The mayor of Imperial Beach said border issues “are not a priority for the Biden administration.”
IMPERIAL BEACH, Calif .– South Bay city leaders are speaking out after the restriction on non-essential travel at the US-Mexico border was extended until August 21. Travel restrictions were first put in place in March 2020 to help stop the spread of COVID-19. They have remained in place despite the reopening of California last month.
Matt Van Vorst, with Mike Hess Brewing Imperial Beach, said: “We get packed almost every night all weekend. We have widened our hours to have breakfast on the weekends.”
Van Vorst said that for them business is booming and the Imperial Beach community has really come together to support their local businesses.

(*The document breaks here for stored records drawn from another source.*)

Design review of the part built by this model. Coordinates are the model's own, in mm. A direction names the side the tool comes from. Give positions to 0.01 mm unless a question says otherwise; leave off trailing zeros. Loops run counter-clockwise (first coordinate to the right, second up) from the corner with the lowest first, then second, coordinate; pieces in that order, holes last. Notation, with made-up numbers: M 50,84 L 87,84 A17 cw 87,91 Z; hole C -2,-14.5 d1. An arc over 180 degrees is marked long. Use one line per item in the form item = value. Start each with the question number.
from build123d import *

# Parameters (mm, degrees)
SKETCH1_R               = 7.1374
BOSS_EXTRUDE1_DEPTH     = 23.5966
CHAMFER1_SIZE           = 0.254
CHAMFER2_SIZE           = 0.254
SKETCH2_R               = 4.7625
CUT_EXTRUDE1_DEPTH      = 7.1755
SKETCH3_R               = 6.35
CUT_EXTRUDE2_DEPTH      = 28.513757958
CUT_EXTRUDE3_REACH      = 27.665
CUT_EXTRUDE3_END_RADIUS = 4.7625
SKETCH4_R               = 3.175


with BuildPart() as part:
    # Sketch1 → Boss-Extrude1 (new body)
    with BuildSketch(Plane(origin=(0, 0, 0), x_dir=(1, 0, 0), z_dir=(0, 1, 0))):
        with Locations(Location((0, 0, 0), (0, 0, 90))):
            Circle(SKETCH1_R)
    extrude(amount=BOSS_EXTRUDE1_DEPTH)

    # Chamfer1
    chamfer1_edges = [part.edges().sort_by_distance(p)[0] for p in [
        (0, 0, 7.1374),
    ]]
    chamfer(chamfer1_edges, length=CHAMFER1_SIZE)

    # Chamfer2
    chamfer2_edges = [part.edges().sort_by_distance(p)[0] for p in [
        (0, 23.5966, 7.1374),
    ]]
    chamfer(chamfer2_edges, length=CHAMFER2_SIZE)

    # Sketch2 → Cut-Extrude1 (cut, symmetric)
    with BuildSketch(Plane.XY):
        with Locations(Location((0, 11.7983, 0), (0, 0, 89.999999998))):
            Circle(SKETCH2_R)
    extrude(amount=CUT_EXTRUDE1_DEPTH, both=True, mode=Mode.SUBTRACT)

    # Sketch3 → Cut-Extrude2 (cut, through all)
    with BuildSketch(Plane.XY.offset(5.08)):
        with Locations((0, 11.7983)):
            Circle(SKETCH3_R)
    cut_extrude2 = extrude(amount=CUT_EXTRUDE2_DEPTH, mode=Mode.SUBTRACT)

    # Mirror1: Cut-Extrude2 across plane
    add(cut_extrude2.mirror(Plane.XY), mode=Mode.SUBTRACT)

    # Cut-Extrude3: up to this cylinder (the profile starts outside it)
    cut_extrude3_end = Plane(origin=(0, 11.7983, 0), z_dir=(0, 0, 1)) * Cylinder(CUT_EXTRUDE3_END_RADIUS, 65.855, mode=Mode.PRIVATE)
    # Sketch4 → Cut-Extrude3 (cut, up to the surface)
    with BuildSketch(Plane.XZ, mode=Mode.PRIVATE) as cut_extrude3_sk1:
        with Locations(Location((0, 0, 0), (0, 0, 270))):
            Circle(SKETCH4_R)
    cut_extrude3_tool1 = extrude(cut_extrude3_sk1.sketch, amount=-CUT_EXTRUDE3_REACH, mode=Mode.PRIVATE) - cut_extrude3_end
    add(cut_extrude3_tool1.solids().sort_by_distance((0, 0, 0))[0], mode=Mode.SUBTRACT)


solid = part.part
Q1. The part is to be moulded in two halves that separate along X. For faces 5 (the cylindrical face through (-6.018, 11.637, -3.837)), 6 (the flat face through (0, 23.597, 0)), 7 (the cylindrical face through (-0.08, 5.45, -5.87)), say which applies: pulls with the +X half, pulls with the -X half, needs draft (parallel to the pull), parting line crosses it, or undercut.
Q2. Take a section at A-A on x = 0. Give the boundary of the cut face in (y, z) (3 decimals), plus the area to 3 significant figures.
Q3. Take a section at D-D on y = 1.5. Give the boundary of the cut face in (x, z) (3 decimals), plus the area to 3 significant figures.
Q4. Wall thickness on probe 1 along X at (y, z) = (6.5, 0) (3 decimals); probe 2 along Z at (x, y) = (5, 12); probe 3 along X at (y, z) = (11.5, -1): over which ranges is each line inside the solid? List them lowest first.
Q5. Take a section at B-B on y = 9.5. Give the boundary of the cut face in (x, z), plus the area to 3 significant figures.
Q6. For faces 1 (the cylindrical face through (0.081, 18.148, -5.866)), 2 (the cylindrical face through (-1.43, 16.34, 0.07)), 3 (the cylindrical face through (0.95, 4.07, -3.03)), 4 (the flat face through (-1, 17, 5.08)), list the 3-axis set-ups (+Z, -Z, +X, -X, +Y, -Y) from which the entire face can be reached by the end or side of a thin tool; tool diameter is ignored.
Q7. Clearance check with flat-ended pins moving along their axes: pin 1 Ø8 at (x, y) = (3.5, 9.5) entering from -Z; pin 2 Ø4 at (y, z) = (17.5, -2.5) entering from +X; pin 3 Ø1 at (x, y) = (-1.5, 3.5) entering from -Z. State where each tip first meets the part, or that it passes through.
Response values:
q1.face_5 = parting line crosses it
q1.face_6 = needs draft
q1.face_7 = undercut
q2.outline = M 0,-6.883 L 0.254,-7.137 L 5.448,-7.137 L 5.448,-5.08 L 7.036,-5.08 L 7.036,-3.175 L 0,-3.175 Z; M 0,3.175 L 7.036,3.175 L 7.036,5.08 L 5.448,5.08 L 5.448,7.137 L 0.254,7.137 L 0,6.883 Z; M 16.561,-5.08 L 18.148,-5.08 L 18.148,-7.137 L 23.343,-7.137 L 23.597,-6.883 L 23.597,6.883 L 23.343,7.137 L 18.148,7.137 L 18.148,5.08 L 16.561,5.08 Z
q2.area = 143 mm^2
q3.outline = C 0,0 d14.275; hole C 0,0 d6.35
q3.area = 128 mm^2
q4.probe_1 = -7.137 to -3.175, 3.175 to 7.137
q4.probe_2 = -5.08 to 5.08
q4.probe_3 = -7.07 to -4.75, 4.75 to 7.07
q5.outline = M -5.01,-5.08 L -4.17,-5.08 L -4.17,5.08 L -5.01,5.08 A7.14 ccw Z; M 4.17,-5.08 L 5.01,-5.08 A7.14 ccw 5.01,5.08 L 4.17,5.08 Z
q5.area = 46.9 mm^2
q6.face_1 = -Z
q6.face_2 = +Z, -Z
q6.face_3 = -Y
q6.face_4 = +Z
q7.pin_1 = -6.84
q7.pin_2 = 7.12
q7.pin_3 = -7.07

“If you look at Seacoast from top to bottom it starts to look like what it was, tons of activities on weekends, people walking up and down. We certainly noticed the influx of tourism from the top down. “Other parts of the state and the country as well. Things are going well. It almost looks like summer again,” he said.
We spoke to several businesses along the pier who agreed with this sentiment, but let’s say they know other businesses at Las Americas Premium Outlets near San Ysidro have been struggling.
Imperial Beach mayor Serge Dedina said these restrictions must be lifted.
“We have a lot of people who come mostly on weekends to go to the beach and who usually come to spend money in our businesses. This is not happening. This also happens throughout the South Bay, ”said Dedina.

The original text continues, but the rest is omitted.